Garenoxacin (BMS-284756) and moxifloxacin in experimental meningitis caused by vancomycin-tolerant pneumococci.

The emergence of multidrug-resistant strains of Streptococcus pneumoniae drives the development and evaluation of new antipneumococcal agents, especially for the treatment of bacterial meningitis. The aims of the present study were to assess the antibacterial effectiveness of two new quinolones, garenoxacin (BMS; BMS-284756) and moxifloxacin (MOX) in experimental meningitis caused by a vancomycin (VAN)-tolerant S. pneumoniae strain and to compare the results with those obtained by therapy with VAN and ceftriaxone (CRO) in combination. Meningitis was induced in young male New Zealand White rabbits by intracisternal inoculation of a VAN-tolerant pneumococcal strain (strain Tupelo) from a child with meningitis. Sixteen hours after inoculation, therapy was given by intravenous administration of BMS at 20 mg/kg of body weight, followed 5 h later by administration at a dosage of 10 mg/kg (n = 9 animals) or MOX as two doses of 20 mg/kg every 5 h (n = 8 animals). For comparison, we studied the following groups: (i) animals treated with VAN (20 mg/kg every 5 h, three doses) and CRO (125 mg/kg, one dose) (n = 9), (ii) animals infected with a VAN-tolerant strain but not treated (n = 8), (iii) animals infected with a VAN-tolerant pneumococcus isolated from the nasopharynx of a carrier and treated with BMS (n = 8), and (iv) animals infected with a cephalosporin-resistant type 6B S. pneumoniae strain and treated with BMS (n = 6).

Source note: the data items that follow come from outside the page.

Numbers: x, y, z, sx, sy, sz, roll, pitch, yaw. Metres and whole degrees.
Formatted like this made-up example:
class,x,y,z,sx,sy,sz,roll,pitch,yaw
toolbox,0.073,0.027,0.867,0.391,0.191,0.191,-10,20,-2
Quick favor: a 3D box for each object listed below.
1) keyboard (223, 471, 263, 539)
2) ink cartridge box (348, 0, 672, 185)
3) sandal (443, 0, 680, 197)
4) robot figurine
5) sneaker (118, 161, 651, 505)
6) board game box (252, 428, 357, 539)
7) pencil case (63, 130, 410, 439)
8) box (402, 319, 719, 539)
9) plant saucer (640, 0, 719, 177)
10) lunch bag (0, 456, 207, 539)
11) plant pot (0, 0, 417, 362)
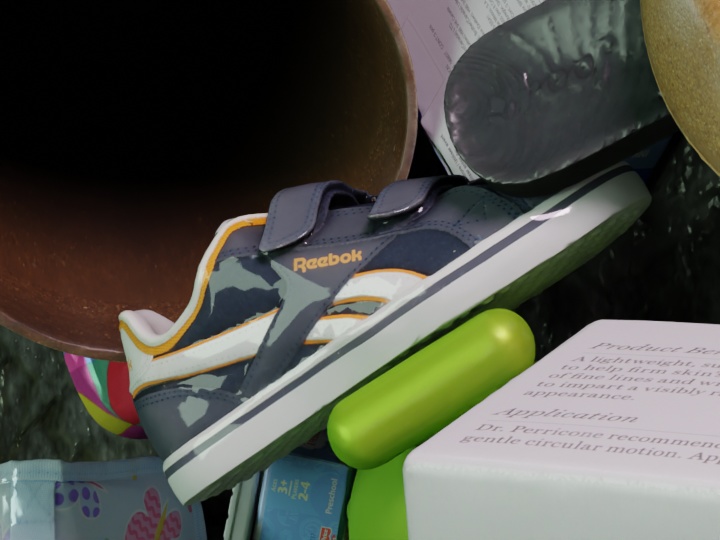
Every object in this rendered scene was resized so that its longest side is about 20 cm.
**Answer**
class,x,y,z,sx,sy,sz,roll,pitch,yaw
keyboard,-0.050,0.120,1.051,0.056,0.011,0.201,100,180,-74
ink cartridge box,0.069,-0.113,1.018,0.200,0.076,0.137,-60,42,34
sandal,0.114,-0.089,0.894,0.200,0.048,0.076,-33,62,11
robot figurine,0.071,0.090,0.964,0.176,0.116,0.200,56,160,-16
sneaker,0.000,0.000,0.972,0.200,0.078,0.080,-32,80,16
board game box,-0.028,0.146,1.124,0.151,0.036,0.201,-66,-12,-76
pencil case,-0.051,0.005,1.192,0.200,0.088,0.089,-31,64,51
box,0.132,0.128,0.775,0.198,0.131,0.201,3,108,31
plant saucer,0.165,-0.108,0.820,0.199,0.035,0.201,-12,66,28
lunch bag,-0.123,0.168,1.214,0.200,0.126,0.171,94,172,-82
plant pot,-0.089,-0.095,1.078,0.200,0.186,0.188,-111,35,-59
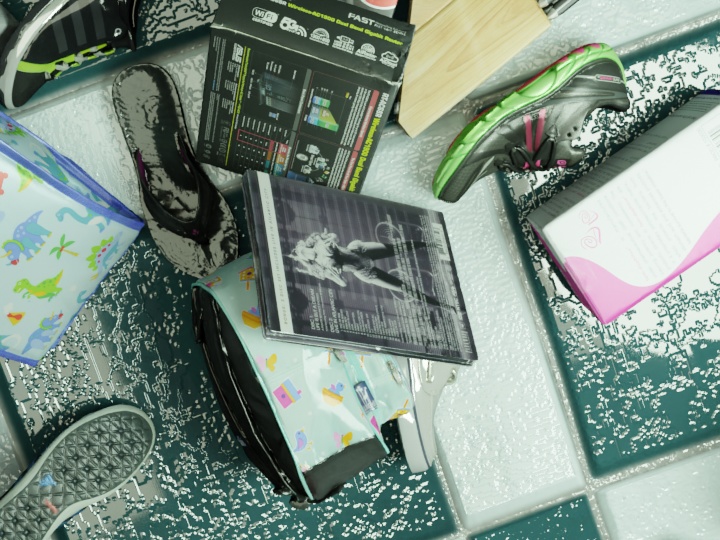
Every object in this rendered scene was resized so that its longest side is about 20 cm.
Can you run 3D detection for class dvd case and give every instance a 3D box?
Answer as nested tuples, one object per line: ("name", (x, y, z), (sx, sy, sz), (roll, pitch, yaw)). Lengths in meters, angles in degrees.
("dvd case", (0.000, 0.000, 0.978), (0.197, 0.151, 0.016), (10, 143, -32))

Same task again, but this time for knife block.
("knife block", (0.124, -0.207, 1.030), (0.172, 0.064, 0.204), (7, 98, -1))

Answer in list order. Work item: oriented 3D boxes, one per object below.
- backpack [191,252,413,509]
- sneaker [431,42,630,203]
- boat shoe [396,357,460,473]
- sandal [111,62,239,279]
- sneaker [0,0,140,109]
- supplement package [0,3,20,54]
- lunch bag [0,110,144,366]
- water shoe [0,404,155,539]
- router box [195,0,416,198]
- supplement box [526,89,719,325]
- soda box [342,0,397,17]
("backpack", (-0.056, 0.074, 1.019), (0.152, 0.176, 0.202), (-34, 96, -12))
("sneaker", (0.148, -0.115, 1.039), (0.199, 0.077, 0.084), (-34, 93, 6))
("boat shoe", (0.058, 0.079, 1.073), (0.064, 0.072, 0.204), (-6, 92, 3))
("sandal", (-0.168, -0.082, 1.055), (0.074, 0.048, 0.203), (-22, 97, 3))
("sneaker", (-0.232, -0.207, 1.026), (0.082, 0.072, 0.201), (39, 96, -7))
("supplement package", (-0.400, -0.238, 1.001), (0.114, 0.110, 0.200), (-43, 97, 6))
("lunch bag", (-0.308, -0.028, 1.028), (0.199, 0.128, 0.171), (36, 98, -35))
("water shoe", (-0.276, 0.191, 1.087), (0.199, 0.079, 0.072), (-39, 102, -21))
("router box", (-0.050, -0.140, 0.974), (0.147, 0.201, 0.063), (18, 62, -3))
("supplement box", (0.255, -0.057, 1.034), (0.199, 0.103, 0.102), (-34, 98, 3))
("soda box", (0.007, -0.253, 1.019), (0.062, 0.071, 0.203), (17, 98, -3))
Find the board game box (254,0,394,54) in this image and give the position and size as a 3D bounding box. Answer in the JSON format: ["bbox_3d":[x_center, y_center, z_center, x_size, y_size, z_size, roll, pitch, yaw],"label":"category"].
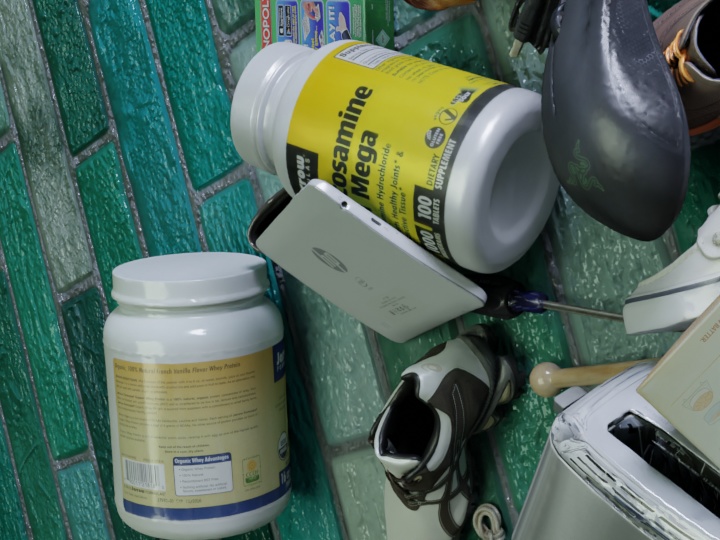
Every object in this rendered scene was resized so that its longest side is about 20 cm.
[{"bbox_3d":[-0.029,-0.216,1.062,0.134,0.029,0.203,14,110,51],"label":"board game box"}]

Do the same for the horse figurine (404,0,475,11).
[{"bbox_3d":[0.062,-0.215,0.891,0.200,0.049,0.134,-43,61,57],"label":"horse figurine"}]

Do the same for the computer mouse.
[{"bbox_3d":[0.119,-0.105,0.796,0.139,0.052,0.202,114,149,-54],"label":"computer mouse"}]

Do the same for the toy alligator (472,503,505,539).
[{"bbox_3d":[0.118,0.228,0.956,0.200,0.054,0.060,46,131,36],"label":"toy alligator"}]

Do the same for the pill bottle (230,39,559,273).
[{"bbox_3d":[0.018,-0.079,0.933,0.199,0.112,0.114,21,115,33],"label":"pill bottle"}]

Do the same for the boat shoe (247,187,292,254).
[{"bbox_3d":[-0.011,-0.049,1.055,0.199,0.057,0.068,-29,74,51],"label":"boat shoe"}]

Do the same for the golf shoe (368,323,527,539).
[{"bbox_3d":[0.036,0.125,1.007,0.078,0.094,0.202,43,131,36],"label":"golf shoe"}]

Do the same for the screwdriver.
[{"bbox_3d":[0.127,0.022,0.924,0.199,0.029,0.028,7,104,48],"label":"screwdriver"}]

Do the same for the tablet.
[{"bbox_3d":[0.000,0.000,0.972,0.129,0.014,0.200,34,164,-6],"label":"tablet"}]

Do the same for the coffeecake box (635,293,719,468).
[{"bbox_3d":[0.252,0.064,0.677,0.200,0.073,0.154,43,133,10],"label":"coffeecake box"}]

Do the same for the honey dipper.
[{"bbox_3d":[0.169,0.058,0.872,0.199,0.038,0.038,-14,88,57],"label":"honey dipper"}]

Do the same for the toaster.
[{"bbox_3d":[0.175,0.145,0.796,0.200,0.113,0.130,40,142,34],"label":"toaster"}]

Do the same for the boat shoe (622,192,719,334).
[{"bbox_3d":[0.211,-0.019,0.766,0.199,0.071,0.066,-29,71,50],"label":"boat shoe"}]

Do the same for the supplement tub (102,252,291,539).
[{"bbox_3d":[-0.128,0.095,1.170,0.144,0.143,0.203,11,107,50],"label":"supplement tub"}]

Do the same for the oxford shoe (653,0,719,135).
[{"bbox_3d":[0.180,-0.117,0.779,0.199,0.072,0.072,-28,77,52],"label":"oxford shoe"}]

The MICs of penicillin, CRO, VAN, BMS, and MOX for the Tupelo strain were 2, 1, 0.5, 0.06, and 0.03 micro g/ml, respectively. The rates of killing of strain Tupelo (the change in the log(10) number of CFU per milliliter per hour) in cerebrospinal fluid at 5 h were -0.70 +/- 0.35, -0.61 +/- 0.44, and -0.49 +/- 0.36 for BMS, MOX, and VAN-CRO, respectively. Therapy with BMS and MOX was as effective as therapy with VAN-CRO against VAN-tolerant pneumococcal meningitis in rabbits.